(Records from a dataset)
###
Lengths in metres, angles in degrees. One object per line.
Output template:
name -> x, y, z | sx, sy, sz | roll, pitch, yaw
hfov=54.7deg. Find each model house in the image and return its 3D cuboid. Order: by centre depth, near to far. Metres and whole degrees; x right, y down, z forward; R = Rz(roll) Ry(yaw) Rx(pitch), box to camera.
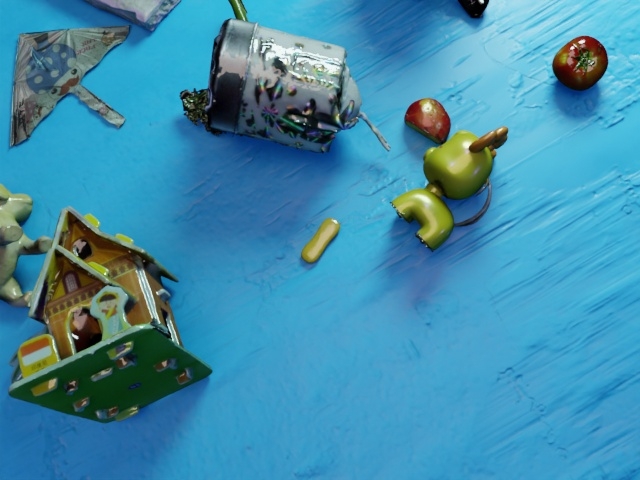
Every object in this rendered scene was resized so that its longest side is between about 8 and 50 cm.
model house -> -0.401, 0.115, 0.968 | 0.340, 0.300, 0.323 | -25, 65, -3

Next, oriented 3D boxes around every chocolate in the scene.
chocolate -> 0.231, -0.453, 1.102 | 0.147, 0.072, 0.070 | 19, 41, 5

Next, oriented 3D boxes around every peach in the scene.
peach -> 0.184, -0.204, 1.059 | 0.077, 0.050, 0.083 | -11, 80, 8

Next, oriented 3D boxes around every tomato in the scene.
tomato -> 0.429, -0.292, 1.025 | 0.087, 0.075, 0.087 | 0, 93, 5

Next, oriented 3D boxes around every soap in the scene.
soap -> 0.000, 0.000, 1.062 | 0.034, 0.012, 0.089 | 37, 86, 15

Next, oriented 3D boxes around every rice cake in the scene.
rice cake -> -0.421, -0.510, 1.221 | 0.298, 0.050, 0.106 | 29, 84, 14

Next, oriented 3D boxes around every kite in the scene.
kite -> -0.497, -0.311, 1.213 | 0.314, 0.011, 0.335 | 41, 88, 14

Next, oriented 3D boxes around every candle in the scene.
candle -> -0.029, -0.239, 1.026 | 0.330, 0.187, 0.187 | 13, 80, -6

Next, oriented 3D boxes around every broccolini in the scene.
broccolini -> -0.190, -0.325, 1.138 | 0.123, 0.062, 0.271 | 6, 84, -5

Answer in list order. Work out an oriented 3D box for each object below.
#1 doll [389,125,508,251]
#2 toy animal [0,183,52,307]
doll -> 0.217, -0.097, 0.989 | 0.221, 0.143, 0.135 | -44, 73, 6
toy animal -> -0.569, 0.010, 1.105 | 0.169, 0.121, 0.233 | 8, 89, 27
###
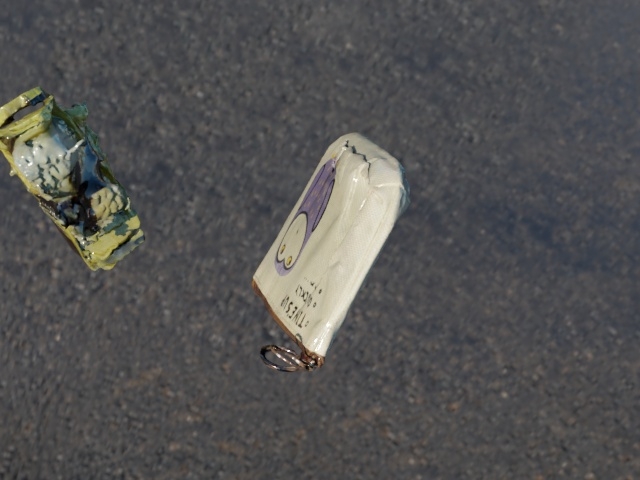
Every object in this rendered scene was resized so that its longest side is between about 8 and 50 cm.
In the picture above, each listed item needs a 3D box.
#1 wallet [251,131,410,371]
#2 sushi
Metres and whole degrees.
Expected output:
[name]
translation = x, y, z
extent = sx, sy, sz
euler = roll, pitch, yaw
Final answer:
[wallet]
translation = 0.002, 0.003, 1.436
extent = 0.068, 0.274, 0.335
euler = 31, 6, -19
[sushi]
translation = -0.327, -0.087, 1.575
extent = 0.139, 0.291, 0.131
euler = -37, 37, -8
###
Among the lines of the data, identify those with the word "pitch". Copy each of them.

_Result of the task_
name -> x, y, z | sx, sy, sz | roll, pitch, yaw
hfov=54.7deg. Find each model house in the image and return its 3D cuboid. Order: by centre depth, near to far. Metres and whole degrees; x right, y down, z forward; R = Rz(roll) Ry(yaw) Rx(pitch), box to camera.
euler = roll, pitch, yaw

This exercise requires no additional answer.